(Records from a collection)
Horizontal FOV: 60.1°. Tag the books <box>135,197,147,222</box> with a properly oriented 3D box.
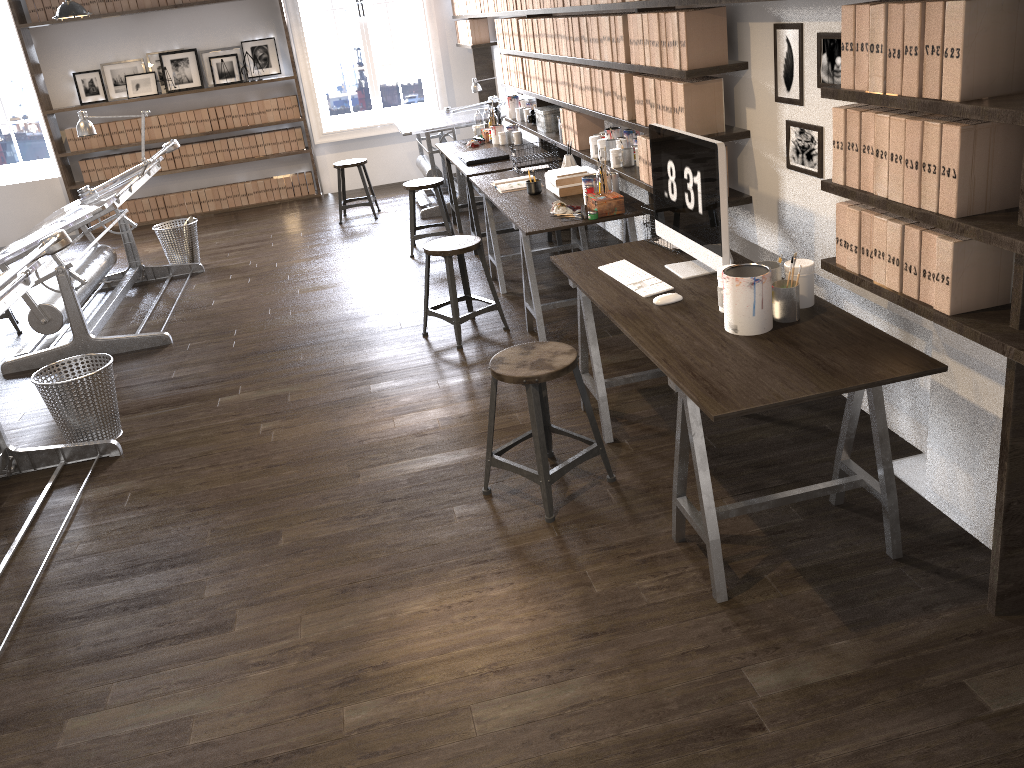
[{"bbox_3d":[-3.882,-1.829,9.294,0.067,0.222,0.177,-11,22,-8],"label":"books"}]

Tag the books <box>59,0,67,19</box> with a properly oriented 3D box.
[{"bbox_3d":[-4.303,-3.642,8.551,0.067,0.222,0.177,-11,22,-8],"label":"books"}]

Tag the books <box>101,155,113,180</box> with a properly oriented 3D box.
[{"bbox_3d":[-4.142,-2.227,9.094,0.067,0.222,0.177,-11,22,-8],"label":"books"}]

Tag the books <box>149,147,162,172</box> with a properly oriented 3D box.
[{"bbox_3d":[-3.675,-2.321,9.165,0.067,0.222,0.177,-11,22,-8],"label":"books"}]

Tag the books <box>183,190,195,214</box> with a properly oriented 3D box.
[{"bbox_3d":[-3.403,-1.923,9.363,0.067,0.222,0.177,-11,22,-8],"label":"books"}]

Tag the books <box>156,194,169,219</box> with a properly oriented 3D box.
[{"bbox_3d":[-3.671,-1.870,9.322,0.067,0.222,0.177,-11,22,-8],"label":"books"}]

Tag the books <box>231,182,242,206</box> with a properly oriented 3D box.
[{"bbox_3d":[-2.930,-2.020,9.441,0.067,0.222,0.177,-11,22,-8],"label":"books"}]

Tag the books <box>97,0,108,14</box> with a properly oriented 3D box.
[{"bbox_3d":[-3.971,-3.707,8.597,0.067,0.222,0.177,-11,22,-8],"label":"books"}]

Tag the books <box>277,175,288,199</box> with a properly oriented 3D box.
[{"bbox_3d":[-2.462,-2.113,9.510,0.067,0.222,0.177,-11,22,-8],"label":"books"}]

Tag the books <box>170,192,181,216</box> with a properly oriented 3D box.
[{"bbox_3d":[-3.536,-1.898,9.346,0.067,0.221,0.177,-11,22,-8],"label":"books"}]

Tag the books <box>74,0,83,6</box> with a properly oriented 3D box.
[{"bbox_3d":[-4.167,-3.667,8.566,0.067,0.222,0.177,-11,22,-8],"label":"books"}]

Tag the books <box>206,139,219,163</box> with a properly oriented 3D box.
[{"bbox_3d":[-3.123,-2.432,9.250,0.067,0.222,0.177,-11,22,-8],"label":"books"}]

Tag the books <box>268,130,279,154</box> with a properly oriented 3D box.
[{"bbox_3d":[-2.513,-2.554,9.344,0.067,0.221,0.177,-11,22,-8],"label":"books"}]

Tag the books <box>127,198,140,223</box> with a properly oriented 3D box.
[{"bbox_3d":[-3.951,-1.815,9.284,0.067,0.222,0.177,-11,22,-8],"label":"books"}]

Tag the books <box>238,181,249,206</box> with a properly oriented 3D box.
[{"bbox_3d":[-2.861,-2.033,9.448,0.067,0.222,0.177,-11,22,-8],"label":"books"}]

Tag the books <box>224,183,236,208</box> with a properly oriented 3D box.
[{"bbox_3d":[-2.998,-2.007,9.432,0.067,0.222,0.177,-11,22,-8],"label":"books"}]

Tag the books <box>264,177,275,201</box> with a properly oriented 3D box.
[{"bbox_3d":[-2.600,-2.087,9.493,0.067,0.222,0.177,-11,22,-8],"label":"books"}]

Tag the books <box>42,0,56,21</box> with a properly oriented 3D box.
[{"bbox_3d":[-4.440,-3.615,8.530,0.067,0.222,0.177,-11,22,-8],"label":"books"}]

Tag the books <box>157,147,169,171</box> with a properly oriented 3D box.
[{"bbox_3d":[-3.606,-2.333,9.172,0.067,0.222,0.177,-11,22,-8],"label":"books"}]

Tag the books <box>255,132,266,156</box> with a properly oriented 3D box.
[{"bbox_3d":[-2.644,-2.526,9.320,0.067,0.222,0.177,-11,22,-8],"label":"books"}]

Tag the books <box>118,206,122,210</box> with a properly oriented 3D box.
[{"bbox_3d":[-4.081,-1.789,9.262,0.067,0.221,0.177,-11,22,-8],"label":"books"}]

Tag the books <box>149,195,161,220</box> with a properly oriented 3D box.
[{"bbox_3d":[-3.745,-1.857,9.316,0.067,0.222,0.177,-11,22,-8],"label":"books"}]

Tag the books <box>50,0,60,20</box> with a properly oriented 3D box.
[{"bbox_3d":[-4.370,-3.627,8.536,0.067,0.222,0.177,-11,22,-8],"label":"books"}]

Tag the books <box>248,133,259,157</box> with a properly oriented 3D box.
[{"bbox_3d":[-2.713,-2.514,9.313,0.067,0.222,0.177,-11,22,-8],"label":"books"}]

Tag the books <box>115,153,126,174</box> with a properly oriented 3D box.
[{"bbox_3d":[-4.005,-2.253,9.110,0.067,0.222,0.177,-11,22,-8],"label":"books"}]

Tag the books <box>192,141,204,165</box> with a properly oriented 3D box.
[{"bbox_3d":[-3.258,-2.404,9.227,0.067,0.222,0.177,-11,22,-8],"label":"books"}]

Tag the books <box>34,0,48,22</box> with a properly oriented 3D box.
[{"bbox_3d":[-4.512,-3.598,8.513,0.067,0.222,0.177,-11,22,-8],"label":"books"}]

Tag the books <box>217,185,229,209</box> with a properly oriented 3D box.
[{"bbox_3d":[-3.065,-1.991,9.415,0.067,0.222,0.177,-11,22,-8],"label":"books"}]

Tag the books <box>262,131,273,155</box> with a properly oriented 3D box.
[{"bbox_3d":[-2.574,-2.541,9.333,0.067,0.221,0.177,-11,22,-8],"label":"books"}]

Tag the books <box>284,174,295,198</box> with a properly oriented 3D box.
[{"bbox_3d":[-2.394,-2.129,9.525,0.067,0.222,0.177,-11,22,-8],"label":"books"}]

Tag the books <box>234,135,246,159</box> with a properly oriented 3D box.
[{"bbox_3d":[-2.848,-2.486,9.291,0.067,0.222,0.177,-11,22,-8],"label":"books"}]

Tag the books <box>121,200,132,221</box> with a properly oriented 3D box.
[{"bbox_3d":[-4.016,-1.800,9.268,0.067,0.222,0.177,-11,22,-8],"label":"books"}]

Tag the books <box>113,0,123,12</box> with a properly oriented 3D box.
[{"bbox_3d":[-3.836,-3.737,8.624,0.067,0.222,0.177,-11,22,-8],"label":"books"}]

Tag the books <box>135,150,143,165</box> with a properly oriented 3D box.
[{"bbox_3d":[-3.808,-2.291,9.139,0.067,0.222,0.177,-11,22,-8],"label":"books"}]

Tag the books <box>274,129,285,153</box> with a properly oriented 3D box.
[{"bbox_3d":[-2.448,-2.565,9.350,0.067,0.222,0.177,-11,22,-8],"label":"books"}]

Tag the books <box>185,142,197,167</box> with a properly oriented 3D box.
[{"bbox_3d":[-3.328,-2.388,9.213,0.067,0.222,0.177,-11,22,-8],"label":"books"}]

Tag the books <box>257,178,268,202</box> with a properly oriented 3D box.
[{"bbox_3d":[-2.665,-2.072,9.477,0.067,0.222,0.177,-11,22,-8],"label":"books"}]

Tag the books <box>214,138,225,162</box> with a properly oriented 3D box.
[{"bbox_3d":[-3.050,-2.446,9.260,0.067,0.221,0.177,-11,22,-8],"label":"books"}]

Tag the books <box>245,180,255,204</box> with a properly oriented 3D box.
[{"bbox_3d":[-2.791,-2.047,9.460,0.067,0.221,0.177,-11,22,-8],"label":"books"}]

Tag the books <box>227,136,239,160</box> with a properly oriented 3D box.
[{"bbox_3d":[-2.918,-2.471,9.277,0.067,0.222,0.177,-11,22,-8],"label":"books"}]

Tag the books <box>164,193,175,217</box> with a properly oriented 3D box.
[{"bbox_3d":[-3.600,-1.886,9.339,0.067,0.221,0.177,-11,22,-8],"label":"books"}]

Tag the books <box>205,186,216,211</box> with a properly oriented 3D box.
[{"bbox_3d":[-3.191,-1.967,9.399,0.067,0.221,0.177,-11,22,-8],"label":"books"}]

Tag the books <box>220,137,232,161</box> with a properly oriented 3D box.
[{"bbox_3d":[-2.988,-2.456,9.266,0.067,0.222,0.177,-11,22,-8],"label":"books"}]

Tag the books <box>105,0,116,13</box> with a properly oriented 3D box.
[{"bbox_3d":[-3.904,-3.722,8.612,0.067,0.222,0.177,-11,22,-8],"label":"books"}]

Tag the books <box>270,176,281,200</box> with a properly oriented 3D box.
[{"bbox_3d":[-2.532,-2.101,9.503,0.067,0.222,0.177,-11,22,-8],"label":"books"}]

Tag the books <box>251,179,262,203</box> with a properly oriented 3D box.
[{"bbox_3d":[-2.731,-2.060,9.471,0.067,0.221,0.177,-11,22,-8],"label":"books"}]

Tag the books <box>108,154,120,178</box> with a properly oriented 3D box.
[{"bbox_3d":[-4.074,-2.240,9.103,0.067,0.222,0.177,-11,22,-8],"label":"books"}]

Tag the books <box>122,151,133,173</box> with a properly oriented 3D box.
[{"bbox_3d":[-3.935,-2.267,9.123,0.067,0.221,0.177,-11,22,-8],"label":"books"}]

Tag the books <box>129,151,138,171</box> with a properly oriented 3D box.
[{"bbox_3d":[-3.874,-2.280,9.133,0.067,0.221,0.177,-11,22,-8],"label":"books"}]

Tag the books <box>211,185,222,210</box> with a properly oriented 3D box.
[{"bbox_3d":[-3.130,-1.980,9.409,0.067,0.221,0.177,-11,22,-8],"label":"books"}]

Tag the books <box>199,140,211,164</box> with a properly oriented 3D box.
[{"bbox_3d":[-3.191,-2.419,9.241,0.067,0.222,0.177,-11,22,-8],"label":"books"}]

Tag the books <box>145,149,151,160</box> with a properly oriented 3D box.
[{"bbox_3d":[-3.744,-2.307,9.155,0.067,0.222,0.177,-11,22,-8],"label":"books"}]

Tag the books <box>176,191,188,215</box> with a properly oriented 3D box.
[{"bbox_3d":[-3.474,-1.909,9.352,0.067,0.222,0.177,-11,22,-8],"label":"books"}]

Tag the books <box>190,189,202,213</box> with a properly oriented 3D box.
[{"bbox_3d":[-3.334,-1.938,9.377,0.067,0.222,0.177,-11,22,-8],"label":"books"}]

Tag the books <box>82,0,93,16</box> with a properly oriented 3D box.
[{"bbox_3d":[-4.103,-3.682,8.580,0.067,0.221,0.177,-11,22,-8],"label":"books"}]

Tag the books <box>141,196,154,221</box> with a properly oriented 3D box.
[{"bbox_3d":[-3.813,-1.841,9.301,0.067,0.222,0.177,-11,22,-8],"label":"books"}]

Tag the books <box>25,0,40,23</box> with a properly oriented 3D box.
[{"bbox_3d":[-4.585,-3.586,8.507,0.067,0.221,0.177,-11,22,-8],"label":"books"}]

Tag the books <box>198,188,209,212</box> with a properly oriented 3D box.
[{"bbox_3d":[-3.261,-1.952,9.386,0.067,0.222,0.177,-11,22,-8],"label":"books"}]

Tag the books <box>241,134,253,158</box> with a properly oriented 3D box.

Work to be completed:
Set down nothing but the lines from the one with "Tag the books <box>82,0,93,16</box>" through the end of the records, keeping each line exactly as written and including both ends.

Task output:
Tag the books <box>82,0,93,16</box> with a properly oriented 3D box.
[{"bbox_3d":[-4.103,-3.682,8.580,0.067,0.221,0.177,-11,22,-8],"label":"books"}]

Tag the books <box>141,196,154,221</box> with a properly oriented 3D box.
[{"bbox_3d":[-3.813,-1.841,9.301,0.067,0.222,0.177,-11,22,-8],"label":"books"}]

Tag the books <box>25,0,40,23</box> with a properly oriented 3D box.
[{"bbox_3d":[-4.585,-3.586,8.507,0.067,0.221,0.177,-11,22,-8],"label":"books"}]

Tag the books <box>198,188,209,212</box> with a properly oriented 3D box.
[{"bbox_3d":[-3.261,-1.952,9.386,0.067,0.222,0.177,-11,22,-8],"label":"books"}]

Tag the books <box>241,134,253,158</box> with a properly oriented 3D box.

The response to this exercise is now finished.